[Items from a data source]
◇ ◇ ◇

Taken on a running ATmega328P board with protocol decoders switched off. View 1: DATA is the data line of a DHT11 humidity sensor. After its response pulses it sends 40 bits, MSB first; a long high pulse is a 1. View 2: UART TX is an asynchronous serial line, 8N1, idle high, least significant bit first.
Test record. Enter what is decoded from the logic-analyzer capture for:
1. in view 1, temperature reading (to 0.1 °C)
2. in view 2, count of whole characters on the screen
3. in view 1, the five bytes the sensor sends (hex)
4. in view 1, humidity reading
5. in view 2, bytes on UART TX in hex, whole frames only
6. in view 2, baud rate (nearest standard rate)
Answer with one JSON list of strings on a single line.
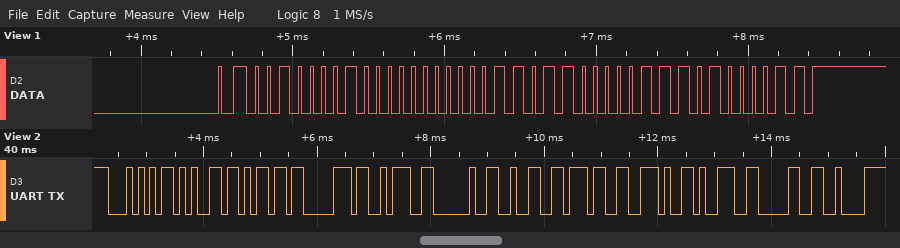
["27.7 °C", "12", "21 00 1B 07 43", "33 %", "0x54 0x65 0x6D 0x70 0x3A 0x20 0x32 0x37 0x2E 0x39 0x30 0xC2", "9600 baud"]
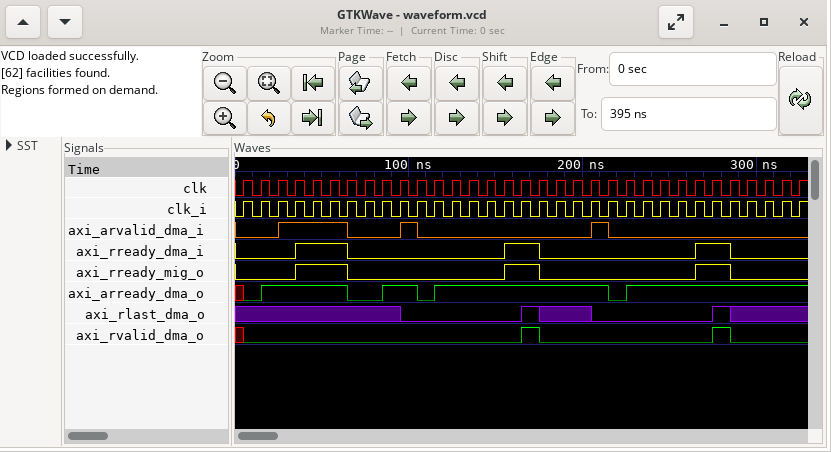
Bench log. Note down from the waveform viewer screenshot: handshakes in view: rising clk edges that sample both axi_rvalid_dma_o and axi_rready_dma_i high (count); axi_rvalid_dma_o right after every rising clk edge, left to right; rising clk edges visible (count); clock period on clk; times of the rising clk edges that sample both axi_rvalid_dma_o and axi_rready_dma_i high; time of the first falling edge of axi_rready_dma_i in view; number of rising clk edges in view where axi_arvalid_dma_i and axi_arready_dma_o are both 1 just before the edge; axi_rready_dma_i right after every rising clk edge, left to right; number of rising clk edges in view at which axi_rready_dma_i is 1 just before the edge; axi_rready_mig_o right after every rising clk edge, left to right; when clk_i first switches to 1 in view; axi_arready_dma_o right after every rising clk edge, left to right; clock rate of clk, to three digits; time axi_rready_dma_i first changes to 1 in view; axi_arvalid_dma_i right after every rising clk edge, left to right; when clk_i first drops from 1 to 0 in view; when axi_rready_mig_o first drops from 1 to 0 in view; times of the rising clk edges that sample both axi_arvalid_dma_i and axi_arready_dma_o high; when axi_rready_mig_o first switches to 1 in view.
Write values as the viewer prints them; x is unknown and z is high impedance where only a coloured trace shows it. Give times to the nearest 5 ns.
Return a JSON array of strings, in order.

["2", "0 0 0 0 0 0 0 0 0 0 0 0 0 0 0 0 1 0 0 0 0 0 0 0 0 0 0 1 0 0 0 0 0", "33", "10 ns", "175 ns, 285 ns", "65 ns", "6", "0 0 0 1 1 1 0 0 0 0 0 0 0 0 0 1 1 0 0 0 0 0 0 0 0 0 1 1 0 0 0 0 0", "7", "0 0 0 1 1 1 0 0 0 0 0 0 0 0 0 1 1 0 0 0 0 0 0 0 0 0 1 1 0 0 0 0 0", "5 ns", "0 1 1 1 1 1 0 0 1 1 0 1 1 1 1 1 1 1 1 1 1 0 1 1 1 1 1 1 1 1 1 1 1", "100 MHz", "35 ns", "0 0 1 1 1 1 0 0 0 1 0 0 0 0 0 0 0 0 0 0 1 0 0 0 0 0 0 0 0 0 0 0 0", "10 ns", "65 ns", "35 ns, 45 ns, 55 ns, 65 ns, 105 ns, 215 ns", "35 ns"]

◇ ◇ ◇

Exercise aim => Copy out all the data without changing anything, and drop the pictures.

Result =>
Taken on a running ATmega328P board with protocol decoders switched off. View 1: DATA is the data line of a DHT11 humidity sensor. After its response pulses it sends 40 bits, MSB first; a long high pulse is a 1. View 2: UART TX is an asynchronous serial line, 8N1, idle high, least significant bit first.
Test record. Enter what is decoded from the logic-analyzer capture for:
1. in view 1, temperature reading (to 0.1 °C)
2. in view 2, count of whole characters on the screen
3. in view 1, the five bytes the sensor sends (hex)
4. in view 1, humidity reading
5. in view 2, bytes on UART TX in hex, whole frames only
6. in view 2, baud rate (nearest standard rate)
Answer with one JSON list of strings on a single line.
["27.7 °C", "12", "21 00 1B 07 43", "33 %", "0x54 0x65 0x6D 0x70 0x3A 0x20 0x32 0x37 0x2E 0x39 0x30 0xC2", "9600 baud"]
Bench log. Note down from the waveform viewer screenshot: handshakes in view: rising clk edges that sample both axi_rvalid_dma_o and axi_rready_dma_i high (count); axi_rvalid_dma_o right after every rising clk edge, left to right; rising clk edges visible (count); clock period on clk; times of the rising clk edges that sample both axi_rvalid_dma_o and axi_rready_dma_i high; time of the first falling edge of axi_rready_dma_i in view; number of rising clk edges in view where axi_arvalid_dma_i and axi_arready_dma_o are both 1 just before the edge; axi_rready_dma_i right after every rising clk edge, left to right; number of rising clk edges in view at which axi_rready_dma_i is 1 just before the edge; axi_rready_mig_o right after every rising clk edge, left to right; when clk_i first switches to 1 in view; axi_arready_dma_o right after every rising clk edge, left to right; clock rate of clk, to three digits; time axi_rready_dma_i first changes to 1 in view; axi_arvalid_dma_i right after every rising clk edge, left to right; when clk_i first drops from 1 to 0 in view; when axi_rready_mig_o first drops from 1 to 0 in view; times of the rising clk edges that sample both axi_arvalid_dma_i and axi_arready_dma_o high; when axi_rready_mig_o first switches to 1 in view.
Write values as the viewer prints them; x is unknown and z is high impedance where only a coloured trace shows it. Give times to the nearest 5 ns.
Return a JSON array of strings, in order.

["2", "0 0 0 0 0 0 0 0 0 0 0 0 0 0 0 0 1 0 0 0 0 0 0 0 0 0 0 1 0 0 0 0 0", "33", "10 ns", "175 ns, 285 ns", "65 ns", "6", "0 0 0 1 1 1 0 0 0 0 0 0 0 0 0 1 1 0 0 0 0 0 0 0 0 0 1 1 0 0 0 0 0", "7", "0 0 0 1 1 1 0 0 0 0 0 0 0 0 0 1 1 0 0 0 0 0 0 0 0 0 1 1 0 0 0 0 0", "5 ns", "0 1 1 1 1 1 0 0 1 1 0 1 1 1 1 1 1 1 1 1 1 0 1 1 1 1 1 1 1 1 1 1 1", "100 MHz", "35 ns", "0 0 1 1 1 1 0 0 0 1 0 0 0 0 0 0 0 0 0 0 1 0 0 0 0 0 0 0 0 0 0 0 0", "10 ns", "65 ns", "35 ns, 45 ns, 55 ns, 65 ns, 105 ns, 215 ns", "35 ns"]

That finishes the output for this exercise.